* _EXERCISE GOAL_:
Exactly the lines from the one containing "00:00:20.000" through the end of the records must be reproduced; leave out all pictures.

══ MATERIAL SHOWN ══

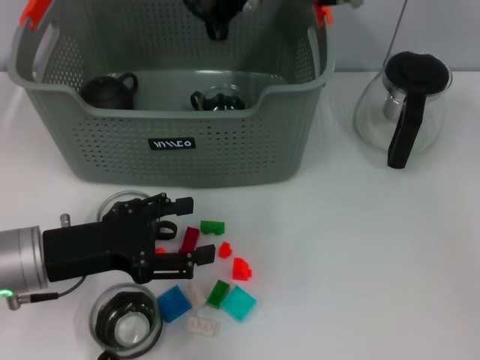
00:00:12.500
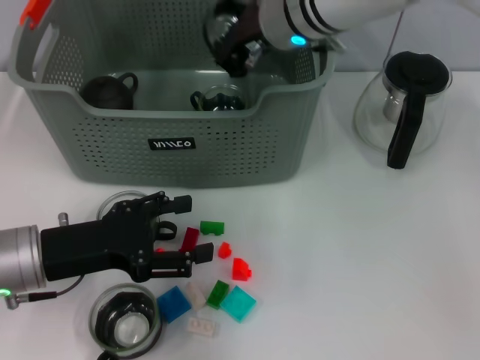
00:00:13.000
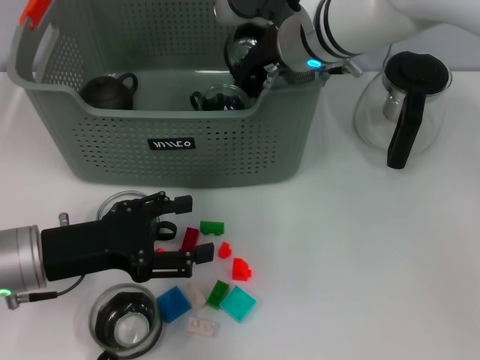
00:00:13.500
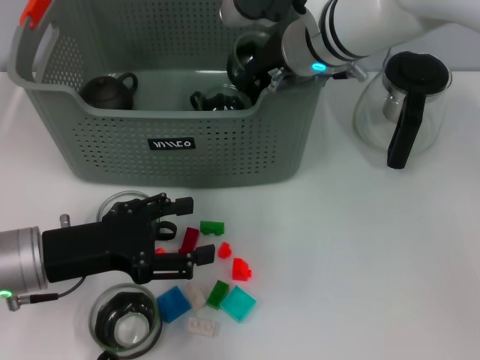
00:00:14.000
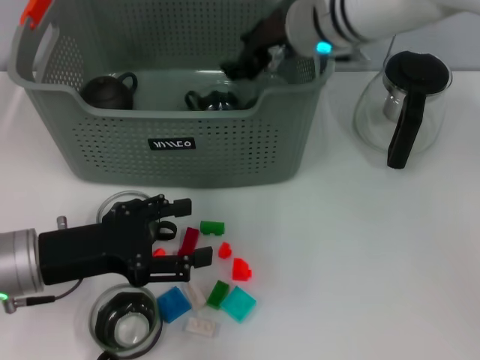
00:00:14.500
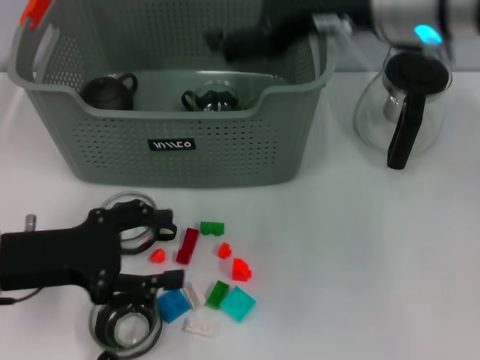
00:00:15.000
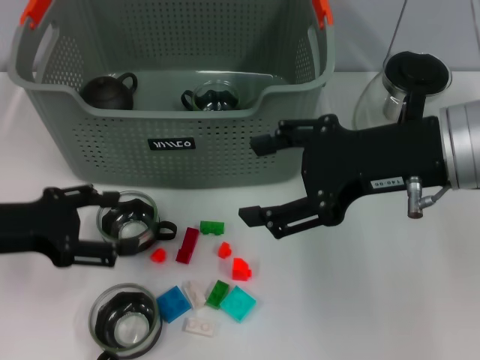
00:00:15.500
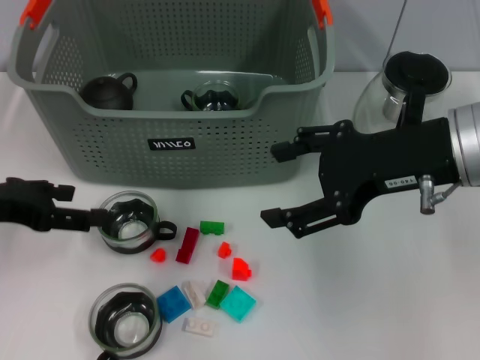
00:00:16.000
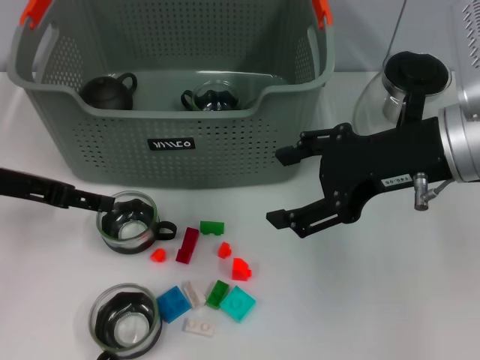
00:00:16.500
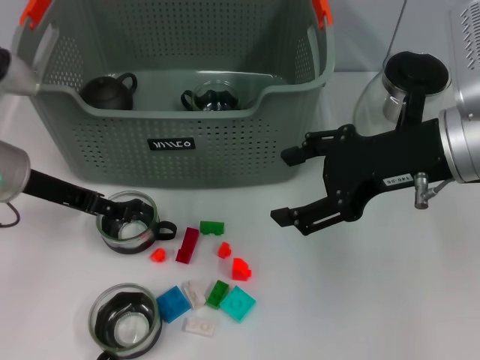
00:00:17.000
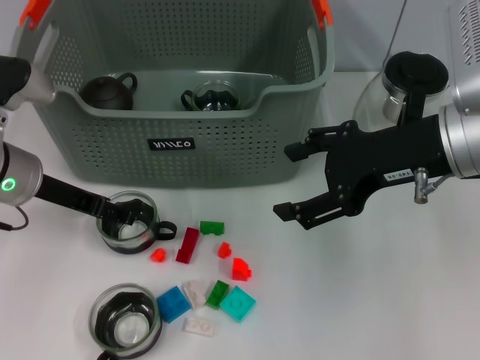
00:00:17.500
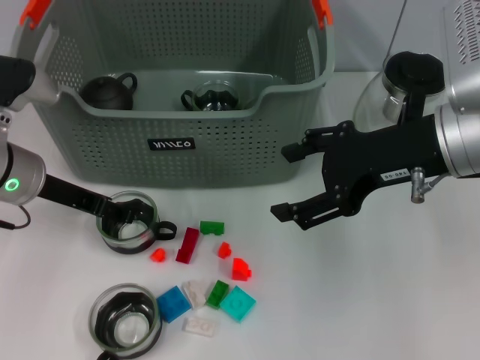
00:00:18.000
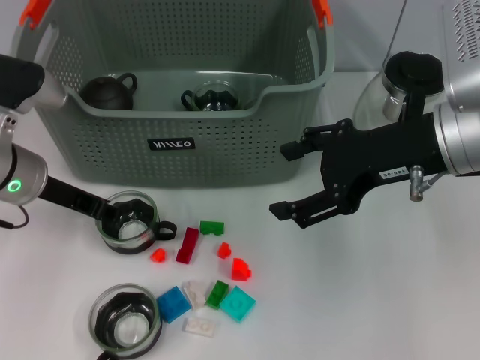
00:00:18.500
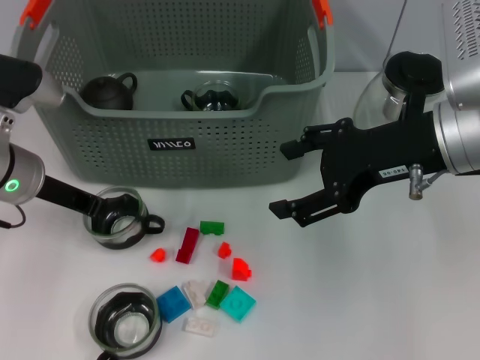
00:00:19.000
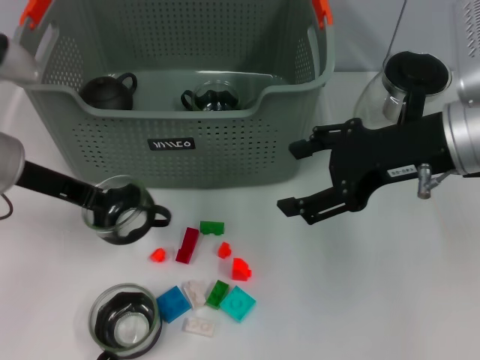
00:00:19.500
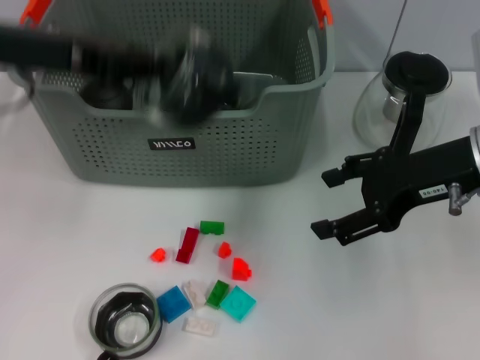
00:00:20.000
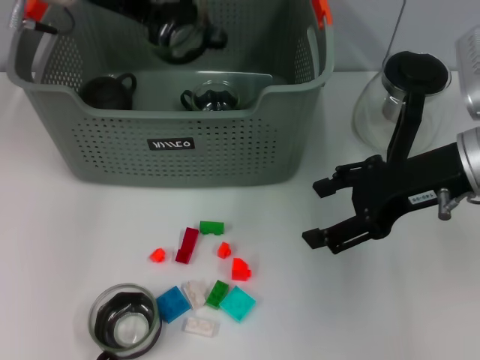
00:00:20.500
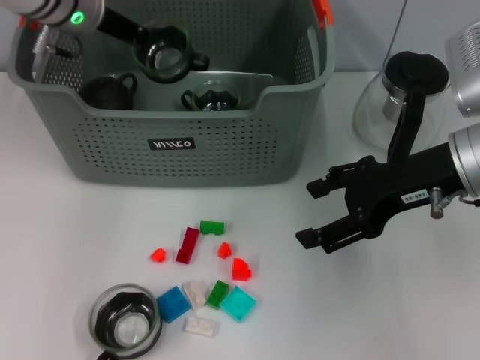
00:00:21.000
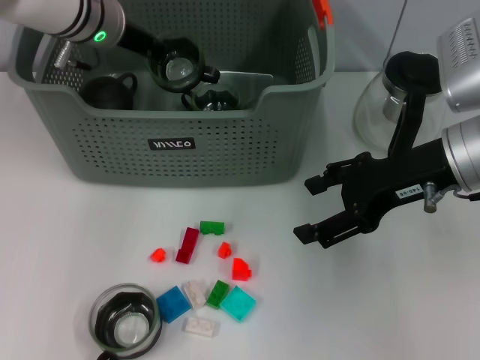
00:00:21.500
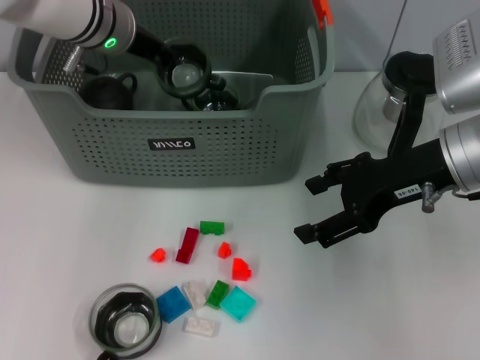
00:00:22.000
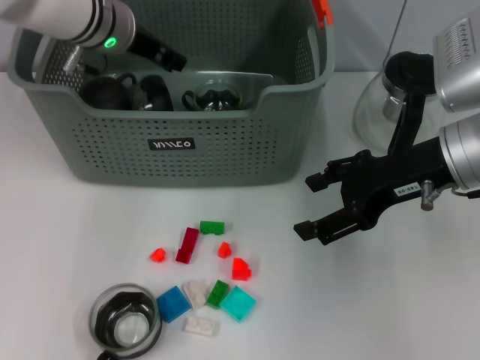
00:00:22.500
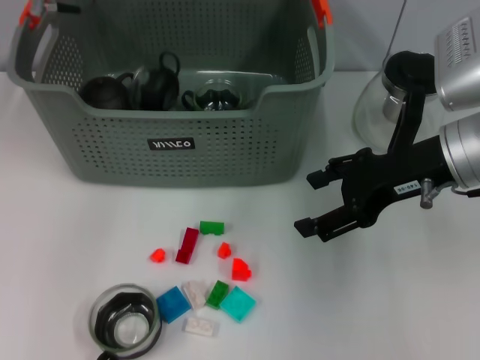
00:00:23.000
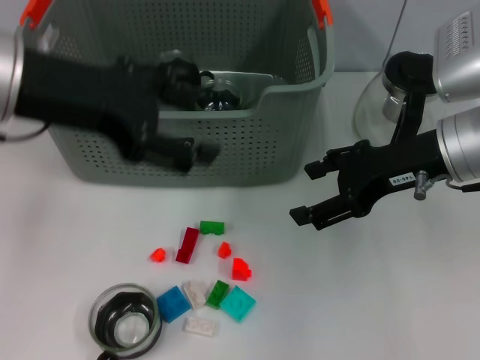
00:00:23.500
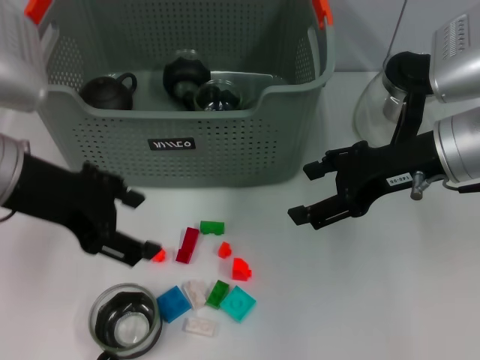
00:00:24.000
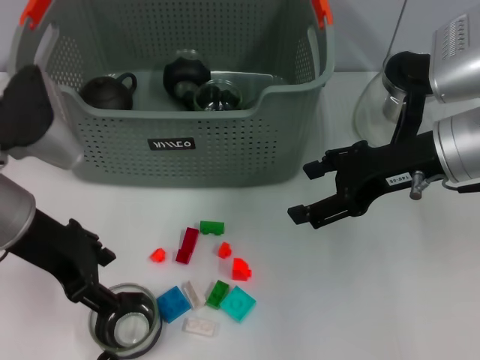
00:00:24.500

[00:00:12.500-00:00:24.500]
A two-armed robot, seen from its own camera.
Task of the whole recording: pick up the teacup on the table and place it into the storage bin, pick up the block on the table and place it into the storage bin.
Step, 00:00:12.500 to 00:00:14.500: Place the cup in the storage box with right gripper.
Step, 00:00:15.000 to 00:00:18.500: Grasp the cup with left gripper.
Step, 00:00:19.500 to 00:00:22.500: Place the cup in the storage box with left gripper.
00:00:12.500 to 00:00:14.500: The right gripper shifts roughly 5 cm downward, and opens its fingers.
00:00:14.500 to 00:00:16.500: The right gripper heads backward and to the right, covering some 20 cm, and opens, while the left gripper goes approximately 10 cm upward and forward.
00:00:16.500 to 00:00:18.500: The left gripper changes place by about 5 cm, and closes.
00:00:18.500 to 00:00:20.500: The left gripper shifts roughly 15 cm upward and forward, and closes up.
00:00:20.500 to 00:00:22.500: The left gripper goes approximately 5 cm downward, and opens up.
00:00:22.500 to 00:00:24.500: The left gripper heads backward, covering roughly 20 cm, and opens.

═══

* _OUTPUT_:
00:00:20.000
00:00:20.500
00:00:21.000
00:00:21.500
00:00:22.000
00:00:22.500
00:00:23.000
00:00:23.500
00:00:24.000
00:00:24.500

[00:00:12.500-00:00:24.500]
A two-armed robot, seen from its own camera.
Task of the whole recording: pick up the teacup on the table and place it into the storage bin, pick up the block on the table and place it into the storage bin.
Step, 00:00:12.500 to 00:00:14.500: Place the cup in the storage box with right gripper.
Step, 00:00:15.000 to 00:00:18.500: Grasp the cup with left gripper.
Step, 00:00:19.500 to 00:00:22.500: Place the cup in the storage box with left gripper.
00:00:12.500 to 00:00:14.500: The right gripper shifts roughly 5 cm downward, and opens its fingers.
00:00:14.500 to 00:00:16.500: The right gripper heads backward and to the right, covering some 20 cm, and opens, while the left gripper goes approximately 10 cm upward and forward.
00:00:16.500 to 00:00:18.500: The left gripper changes place by about 5 cm, and closes.
00:00:18.500 to 00:00:20.500: The left gripper shifts roughly 15 cm upward and forward, and closes up.
00:00:20.500 to 00:00:22.500: The left gripper goes approximately 5 cm downward, and opens up.
00:00:22.500 to 00:00:24.500: The left gripper heads backward, covering roughly 20 cm, and opens.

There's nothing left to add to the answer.